*TASK OBJECTIVE*
From the first line of the entries below through the line bearing "doc.styles.add('ISOCPEUR', font='ISOCPEUR')", write out each line exactly. Omit pictures.

*DATA FOR THIS EXERCISE*

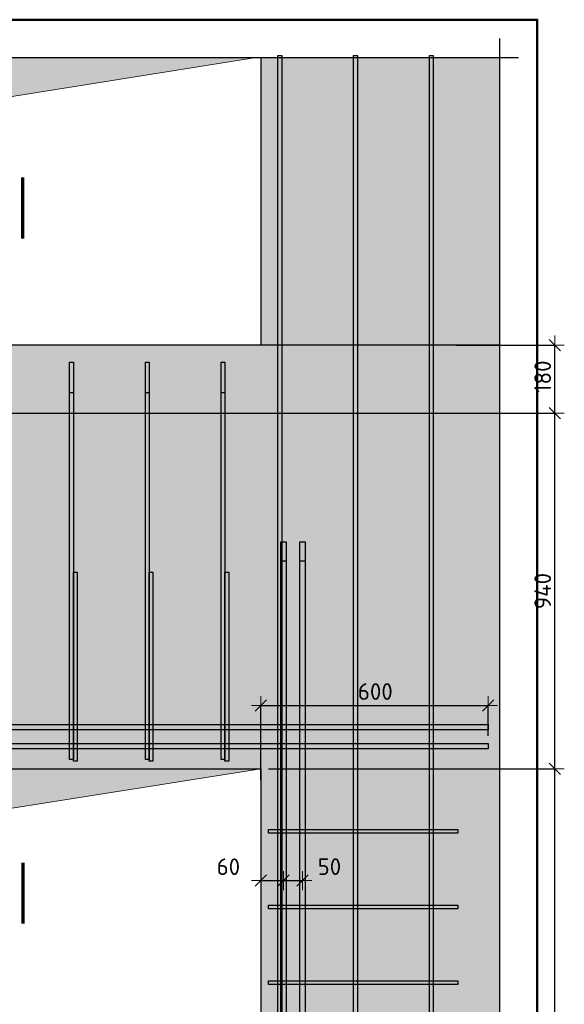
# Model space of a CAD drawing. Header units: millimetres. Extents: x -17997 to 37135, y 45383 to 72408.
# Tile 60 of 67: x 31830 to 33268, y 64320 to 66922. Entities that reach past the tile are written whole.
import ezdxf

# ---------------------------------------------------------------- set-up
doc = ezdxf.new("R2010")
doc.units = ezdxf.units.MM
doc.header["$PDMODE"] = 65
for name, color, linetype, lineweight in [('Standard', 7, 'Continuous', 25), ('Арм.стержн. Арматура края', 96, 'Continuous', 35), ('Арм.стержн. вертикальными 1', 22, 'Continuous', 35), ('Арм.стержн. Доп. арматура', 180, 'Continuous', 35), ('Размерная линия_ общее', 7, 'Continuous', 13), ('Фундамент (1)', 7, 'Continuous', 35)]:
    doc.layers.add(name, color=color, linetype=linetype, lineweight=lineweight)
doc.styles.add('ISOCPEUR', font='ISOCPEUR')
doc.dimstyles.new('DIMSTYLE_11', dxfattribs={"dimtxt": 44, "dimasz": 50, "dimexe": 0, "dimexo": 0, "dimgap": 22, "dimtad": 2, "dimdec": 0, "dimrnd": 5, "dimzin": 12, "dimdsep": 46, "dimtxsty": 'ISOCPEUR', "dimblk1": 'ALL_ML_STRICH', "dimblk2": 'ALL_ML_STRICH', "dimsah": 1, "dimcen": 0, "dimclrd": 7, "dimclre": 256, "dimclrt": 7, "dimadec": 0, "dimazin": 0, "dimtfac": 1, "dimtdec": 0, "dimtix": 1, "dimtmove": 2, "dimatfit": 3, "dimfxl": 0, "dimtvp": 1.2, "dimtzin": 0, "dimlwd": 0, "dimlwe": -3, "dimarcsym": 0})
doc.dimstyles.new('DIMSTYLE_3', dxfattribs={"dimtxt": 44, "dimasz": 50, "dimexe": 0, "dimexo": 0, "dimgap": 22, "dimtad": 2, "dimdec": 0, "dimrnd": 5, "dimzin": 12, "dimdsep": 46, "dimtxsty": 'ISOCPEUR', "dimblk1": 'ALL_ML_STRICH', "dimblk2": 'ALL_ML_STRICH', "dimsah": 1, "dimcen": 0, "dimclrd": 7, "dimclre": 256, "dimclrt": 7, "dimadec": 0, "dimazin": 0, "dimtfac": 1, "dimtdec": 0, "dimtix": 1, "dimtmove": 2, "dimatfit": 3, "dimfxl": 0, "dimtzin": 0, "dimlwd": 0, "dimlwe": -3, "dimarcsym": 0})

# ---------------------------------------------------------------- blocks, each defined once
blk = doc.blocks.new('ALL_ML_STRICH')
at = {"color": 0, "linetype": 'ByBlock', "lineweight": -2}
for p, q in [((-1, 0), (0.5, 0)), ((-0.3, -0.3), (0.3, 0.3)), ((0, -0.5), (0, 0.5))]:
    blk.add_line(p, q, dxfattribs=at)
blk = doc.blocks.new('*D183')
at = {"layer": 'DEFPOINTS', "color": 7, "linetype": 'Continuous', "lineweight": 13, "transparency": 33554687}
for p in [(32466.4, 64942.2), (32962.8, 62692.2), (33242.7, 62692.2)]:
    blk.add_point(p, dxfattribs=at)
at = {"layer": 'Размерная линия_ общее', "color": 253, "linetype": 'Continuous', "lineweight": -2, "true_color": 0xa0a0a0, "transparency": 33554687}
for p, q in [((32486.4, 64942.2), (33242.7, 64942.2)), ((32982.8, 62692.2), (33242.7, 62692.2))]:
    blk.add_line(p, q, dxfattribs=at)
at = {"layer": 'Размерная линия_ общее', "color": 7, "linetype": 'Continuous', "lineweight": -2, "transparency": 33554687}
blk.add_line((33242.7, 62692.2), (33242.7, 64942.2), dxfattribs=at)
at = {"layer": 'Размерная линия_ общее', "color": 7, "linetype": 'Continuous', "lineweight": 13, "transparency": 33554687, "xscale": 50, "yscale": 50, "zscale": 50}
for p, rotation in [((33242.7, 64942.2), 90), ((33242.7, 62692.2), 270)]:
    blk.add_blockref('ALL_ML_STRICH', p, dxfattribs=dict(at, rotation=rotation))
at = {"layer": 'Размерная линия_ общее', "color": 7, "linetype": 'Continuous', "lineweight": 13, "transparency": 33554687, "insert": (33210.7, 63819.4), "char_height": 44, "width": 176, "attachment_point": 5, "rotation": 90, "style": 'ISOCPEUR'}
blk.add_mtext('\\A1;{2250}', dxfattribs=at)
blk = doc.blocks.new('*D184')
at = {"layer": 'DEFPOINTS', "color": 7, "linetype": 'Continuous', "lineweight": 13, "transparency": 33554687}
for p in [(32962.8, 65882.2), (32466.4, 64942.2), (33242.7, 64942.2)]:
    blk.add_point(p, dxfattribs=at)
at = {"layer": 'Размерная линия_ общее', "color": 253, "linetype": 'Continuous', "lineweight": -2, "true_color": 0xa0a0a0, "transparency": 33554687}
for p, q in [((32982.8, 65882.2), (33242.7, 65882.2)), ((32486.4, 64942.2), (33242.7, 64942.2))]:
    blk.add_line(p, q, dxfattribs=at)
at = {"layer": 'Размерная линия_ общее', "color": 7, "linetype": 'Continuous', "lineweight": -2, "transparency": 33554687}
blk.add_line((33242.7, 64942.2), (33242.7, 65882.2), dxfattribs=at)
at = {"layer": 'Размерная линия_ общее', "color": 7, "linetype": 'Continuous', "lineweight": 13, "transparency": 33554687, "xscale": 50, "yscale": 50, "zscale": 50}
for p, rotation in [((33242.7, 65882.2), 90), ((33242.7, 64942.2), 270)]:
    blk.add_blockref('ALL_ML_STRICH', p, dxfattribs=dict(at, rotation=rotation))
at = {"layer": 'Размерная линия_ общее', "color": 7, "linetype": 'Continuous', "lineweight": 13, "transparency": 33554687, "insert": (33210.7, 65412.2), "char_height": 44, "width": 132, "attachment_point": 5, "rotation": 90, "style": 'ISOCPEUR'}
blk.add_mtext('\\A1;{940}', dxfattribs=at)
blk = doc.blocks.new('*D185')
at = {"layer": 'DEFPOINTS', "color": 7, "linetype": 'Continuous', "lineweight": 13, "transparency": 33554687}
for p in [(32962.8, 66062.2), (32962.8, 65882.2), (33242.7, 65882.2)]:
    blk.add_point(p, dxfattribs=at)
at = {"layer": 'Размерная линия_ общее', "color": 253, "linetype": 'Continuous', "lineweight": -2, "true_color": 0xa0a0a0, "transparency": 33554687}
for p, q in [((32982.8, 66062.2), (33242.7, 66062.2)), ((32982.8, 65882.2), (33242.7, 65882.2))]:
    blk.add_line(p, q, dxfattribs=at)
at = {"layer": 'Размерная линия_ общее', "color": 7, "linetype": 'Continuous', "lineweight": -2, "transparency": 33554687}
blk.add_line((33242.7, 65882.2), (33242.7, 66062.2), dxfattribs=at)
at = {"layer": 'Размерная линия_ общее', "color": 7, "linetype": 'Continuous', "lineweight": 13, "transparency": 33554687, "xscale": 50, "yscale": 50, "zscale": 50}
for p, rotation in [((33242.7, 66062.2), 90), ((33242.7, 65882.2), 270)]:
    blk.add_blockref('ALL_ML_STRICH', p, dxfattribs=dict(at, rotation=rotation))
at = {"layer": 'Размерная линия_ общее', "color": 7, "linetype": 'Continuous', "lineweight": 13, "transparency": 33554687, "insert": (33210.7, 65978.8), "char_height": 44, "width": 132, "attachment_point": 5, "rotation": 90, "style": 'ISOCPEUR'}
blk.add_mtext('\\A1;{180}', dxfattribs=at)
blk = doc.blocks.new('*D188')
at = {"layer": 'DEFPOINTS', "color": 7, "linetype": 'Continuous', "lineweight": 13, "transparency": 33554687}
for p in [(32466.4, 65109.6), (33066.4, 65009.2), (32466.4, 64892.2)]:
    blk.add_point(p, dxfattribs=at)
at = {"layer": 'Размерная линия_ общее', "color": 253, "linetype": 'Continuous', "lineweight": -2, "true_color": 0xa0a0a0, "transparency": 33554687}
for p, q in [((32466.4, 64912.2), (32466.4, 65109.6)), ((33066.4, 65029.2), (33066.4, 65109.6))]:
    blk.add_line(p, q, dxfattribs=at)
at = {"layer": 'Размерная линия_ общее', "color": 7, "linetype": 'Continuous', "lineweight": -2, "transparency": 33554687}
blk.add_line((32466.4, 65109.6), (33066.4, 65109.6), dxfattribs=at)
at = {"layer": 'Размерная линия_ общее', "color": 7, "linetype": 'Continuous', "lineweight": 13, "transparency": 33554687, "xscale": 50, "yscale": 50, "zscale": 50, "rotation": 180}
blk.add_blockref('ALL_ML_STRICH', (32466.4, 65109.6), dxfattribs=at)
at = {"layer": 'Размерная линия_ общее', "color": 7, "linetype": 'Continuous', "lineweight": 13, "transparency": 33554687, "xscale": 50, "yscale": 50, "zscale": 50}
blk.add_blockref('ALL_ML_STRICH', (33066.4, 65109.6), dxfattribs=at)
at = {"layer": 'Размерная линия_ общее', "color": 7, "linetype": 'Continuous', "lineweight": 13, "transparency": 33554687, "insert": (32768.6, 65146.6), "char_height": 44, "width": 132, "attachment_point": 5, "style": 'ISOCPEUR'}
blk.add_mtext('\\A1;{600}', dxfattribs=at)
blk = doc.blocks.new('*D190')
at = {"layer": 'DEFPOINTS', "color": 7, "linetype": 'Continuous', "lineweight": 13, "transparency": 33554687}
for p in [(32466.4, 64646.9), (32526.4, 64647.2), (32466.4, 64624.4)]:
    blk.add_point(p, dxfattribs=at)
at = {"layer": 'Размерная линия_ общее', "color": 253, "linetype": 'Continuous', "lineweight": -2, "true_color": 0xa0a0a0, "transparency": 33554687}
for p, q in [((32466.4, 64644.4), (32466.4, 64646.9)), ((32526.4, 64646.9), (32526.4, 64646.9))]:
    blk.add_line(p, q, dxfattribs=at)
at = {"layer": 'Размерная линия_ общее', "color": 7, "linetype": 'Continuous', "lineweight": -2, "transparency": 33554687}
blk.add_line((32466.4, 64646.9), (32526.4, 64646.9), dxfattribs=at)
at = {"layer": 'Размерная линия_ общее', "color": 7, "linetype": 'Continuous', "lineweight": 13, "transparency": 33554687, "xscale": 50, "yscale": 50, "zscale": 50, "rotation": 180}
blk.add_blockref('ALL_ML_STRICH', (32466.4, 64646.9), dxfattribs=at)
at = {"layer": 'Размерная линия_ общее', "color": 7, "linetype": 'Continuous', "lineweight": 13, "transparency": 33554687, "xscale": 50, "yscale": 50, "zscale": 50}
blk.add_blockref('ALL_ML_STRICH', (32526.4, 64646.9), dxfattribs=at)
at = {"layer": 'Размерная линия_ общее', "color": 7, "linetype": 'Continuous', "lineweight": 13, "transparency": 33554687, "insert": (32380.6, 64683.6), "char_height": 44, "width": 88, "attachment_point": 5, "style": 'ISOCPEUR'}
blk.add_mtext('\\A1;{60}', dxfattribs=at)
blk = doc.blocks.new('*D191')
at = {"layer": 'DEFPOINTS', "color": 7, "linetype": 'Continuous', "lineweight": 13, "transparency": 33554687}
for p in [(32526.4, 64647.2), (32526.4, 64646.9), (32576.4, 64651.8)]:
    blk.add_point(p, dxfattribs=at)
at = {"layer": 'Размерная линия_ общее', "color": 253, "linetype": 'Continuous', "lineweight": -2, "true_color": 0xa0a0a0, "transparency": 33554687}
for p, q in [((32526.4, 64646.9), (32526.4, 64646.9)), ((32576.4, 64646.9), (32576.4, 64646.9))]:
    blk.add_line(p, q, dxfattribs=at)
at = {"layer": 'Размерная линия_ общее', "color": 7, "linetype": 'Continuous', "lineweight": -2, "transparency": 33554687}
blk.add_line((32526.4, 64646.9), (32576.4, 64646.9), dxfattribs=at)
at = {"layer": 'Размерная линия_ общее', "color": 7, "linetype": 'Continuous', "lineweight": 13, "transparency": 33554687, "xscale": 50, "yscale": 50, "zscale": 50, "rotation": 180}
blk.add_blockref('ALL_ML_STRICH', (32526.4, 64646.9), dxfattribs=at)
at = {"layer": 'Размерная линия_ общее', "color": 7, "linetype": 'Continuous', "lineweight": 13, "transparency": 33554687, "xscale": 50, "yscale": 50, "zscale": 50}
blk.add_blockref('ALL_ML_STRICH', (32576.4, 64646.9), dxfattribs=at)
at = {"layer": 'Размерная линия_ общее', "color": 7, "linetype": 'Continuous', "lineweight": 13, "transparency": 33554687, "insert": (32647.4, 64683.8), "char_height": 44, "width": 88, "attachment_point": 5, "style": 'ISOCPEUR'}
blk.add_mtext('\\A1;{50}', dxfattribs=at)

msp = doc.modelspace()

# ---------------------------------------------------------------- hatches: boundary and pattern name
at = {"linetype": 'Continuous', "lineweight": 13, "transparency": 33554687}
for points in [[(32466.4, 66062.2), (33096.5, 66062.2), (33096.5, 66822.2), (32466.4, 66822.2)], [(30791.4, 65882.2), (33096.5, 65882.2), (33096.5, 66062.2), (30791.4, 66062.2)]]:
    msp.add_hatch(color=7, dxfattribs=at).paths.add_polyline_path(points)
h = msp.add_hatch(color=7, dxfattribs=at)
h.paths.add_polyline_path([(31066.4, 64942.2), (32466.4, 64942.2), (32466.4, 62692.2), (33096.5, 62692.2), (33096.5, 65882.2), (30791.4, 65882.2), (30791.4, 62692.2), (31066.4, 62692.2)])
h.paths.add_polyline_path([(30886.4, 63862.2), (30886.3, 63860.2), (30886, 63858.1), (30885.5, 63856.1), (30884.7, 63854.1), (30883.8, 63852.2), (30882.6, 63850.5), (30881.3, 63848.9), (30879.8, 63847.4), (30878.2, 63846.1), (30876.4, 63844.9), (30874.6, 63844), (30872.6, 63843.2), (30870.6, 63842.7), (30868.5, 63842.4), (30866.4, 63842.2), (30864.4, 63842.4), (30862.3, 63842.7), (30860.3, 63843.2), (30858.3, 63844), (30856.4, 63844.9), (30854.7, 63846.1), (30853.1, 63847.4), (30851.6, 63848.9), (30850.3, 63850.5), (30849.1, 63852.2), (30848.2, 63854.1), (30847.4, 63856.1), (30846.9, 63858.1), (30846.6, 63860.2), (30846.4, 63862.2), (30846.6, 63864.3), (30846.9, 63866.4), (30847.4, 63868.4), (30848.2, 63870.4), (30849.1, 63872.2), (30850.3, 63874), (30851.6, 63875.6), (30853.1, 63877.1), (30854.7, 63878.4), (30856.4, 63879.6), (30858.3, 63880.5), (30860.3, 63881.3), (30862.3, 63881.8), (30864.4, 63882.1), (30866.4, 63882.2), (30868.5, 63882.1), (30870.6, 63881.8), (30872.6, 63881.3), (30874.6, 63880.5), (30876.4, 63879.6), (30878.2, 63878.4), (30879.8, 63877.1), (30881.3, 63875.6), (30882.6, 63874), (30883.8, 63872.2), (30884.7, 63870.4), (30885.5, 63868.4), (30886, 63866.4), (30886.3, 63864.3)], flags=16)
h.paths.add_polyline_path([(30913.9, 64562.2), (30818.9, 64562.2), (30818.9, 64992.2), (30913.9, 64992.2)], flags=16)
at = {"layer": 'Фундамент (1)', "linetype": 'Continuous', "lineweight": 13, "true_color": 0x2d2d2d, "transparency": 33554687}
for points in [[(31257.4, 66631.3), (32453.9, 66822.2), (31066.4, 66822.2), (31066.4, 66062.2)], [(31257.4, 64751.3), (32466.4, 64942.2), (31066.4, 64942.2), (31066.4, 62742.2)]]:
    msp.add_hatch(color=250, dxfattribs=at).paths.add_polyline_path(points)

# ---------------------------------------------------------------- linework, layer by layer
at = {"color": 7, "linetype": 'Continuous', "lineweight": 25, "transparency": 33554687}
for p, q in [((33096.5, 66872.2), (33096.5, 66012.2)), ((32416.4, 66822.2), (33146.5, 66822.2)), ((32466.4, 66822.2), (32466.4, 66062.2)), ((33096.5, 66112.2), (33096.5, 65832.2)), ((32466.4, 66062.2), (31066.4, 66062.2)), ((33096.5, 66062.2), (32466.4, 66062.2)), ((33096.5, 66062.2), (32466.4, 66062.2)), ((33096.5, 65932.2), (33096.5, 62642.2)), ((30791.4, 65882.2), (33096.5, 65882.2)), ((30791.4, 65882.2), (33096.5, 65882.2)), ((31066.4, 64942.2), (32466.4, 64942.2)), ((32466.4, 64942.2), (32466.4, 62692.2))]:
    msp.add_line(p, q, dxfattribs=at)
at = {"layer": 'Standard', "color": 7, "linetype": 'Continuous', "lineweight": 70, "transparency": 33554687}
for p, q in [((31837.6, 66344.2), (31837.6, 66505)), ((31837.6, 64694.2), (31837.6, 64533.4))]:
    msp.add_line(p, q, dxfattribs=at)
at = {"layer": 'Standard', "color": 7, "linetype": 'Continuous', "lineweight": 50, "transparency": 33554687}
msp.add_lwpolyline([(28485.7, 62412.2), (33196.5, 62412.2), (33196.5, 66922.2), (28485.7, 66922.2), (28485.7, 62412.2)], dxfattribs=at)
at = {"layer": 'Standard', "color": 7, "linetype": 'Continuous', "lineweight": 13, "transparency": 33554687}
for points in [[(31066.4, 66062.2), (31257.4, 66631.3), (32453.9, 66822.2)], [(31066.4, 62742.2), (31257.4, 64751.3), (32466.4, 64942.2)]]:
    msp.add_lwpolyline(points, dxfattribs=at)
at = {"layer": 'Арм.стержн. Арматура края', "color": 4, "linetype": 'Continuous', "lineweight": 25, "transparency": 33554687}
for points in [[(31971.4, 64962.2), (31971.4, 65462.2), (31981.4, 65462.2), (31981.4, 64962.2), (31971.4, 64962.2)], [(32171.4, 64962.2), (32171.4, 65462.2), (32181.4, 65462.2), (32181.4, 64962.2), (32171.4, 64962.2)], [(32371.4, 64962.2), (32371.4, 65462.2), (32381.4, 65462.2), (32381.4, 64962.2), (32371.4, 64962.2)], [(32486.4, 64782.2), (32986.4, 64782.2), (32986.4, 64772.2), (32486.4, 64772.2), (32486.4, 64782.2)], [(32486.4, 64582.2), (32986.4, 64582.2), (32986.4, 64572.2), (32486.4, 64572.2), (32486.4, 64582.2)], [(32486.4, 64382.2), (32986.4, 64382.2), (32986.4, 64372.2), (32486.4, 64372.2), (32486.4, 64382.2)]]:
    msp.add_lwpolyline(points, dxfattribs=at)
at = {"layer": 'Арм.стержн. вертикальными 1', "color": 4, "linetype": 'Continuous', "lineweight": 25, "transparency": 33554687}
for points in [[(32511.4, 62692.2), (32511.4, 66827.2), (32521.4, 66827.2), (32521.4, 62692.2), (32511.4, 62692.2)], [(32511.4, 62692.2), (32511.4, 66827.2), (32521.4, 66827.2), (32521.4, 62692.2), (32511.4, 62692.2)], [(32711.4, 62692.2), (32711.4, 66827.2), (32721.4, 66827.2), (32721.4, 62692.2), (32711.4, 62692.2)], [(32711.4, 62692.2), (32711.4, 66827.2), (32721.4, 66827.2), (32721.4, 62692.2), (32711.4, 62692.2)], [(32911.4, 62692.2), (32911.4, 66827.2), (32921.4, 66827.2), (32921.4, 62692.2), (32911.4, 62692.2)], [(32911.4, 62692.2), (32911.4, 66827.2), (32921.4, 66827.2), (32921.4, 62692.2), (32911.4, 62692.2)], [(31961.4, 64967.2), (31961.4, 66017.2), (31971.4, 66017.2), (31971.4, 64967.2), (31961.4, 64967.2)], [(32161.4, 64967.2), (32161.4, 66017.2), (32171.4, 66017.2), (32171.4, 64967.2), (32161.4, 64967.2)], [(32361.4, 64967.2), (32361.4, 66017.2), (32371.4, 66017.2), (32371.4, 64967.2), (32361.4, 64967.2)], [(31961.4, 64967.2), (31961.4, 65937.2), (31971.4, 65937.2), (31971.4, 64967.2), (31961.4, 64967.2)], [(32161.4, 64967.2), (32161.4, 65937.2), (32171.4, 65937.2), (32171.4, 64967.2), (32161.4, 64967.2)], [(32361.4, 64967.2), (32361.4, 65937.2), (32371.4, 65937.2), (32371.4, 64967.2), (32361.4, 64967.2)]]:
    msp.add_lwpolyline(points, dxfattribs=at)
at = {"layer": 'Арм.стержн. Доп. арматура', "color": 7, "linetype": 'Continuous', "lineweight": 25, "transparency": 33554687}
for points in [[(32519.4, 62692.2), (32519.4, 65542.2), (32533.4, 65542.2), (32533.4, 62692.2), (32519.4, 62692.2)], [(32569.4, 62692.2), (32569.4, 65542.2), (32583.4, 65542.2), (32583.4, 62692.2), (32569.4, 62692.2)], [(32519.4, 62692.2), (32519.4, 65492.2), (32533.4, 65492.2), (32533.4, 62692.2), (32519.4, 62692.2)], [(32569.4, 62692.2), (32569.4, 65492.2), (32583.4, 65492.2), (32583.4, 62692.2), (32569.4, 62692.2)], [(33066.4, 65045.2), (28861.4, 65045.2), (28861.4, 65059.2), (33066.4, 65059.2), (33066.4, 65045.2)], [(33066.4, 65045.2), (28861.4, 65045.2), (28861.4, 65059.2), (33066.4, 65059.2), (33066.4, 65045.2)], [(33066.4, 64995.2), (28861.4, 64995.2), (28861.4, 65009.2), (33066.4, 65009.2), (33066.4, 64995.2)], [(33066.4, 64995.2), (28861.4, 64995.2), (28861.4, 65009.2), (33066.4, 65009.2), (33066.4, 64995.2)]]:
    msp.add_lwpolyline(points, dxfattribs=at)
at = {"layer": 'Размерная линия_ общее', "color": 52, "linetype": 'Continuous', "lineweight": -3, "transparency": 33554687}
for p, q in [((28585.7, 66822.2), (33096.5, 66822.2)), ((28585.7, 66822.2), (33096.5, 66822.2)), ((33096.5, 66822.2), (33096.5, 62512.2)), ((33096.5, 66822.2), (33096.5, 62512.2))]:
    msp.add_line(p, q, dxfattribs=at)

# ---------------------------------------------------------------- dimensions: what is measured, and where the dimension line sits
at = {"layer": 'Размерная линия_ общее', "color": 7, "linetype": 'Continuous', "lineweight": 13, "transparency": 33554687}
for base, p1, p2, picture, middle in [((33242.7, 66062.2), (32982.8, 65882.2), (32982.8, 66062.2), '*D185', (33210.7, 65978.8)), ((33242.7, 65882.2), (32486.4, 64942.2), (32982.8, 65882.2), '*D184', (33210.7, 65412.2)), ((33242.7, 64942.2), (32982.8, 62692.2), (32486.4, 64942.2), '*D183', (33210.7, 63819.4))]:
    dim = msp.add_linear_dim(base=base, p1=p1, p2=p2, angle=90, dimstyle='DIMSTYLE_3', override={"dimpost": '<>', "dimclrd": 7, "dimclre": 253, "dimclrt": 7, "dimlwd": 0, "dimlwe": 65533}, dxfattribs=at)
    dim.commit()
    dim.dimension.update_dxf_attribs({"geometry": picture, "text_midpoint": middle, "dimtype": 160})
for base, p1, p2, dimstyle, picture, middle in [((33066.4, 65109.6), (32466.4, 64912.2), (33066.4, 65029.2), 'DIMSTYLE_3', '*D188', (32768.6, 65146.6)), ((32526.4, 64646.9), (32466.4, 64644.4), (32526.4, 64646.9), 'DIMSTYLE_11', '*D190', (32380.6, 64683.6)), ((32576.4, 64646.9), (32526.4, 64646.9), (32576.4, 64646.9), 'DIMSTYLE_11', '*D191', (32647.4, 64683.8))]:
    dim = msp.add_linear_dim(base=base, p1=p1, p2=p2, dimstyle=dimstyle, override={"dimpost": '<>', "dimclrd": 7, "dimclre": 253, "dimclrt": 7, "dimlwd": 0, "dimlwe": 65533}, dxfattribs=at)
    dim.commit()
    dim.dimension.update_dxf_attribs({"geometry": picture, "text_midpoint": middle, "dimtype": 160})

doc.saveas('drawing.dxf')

*EXERCISE RESULT*
# Model space of a CAD drawing. Header units: millimetres. Extents: x -17997 to 37135, y 45383 to 72408.
# Tile 60 of 67: x 31830 to 33268, y 64320 to 66922. Entities that reach past the tile are written whole.
import ezdxf

# ---------------------------------------------------------------- set-up
doc = ezdxf.new("R2010")
doc.units = ezdxf.units.MM
doc.header["$PDMODE"] = 65
for name, color, linetype, lineweight in [('Standard', 7, 'Continuous', 25), ('Арм.стержн. Арматура края', 96, 'Continuous', 35), ('Арм.стержн. вертикальными 1', 22, 'Continuous', 35), ('Арм.стержн. Доп. арматура', 180, 'Continuous', 35), ('Размерная линия_ общее', 7, 'Continuous', 13), ('Фундамент (1)', 7, 'Continuous', 35)]:
    doc.layers.add(name, color=color, linetype=linetype, lineweight=lineweight)
doc.styles.add('ISOCPEUR', font='ISOCPEUR')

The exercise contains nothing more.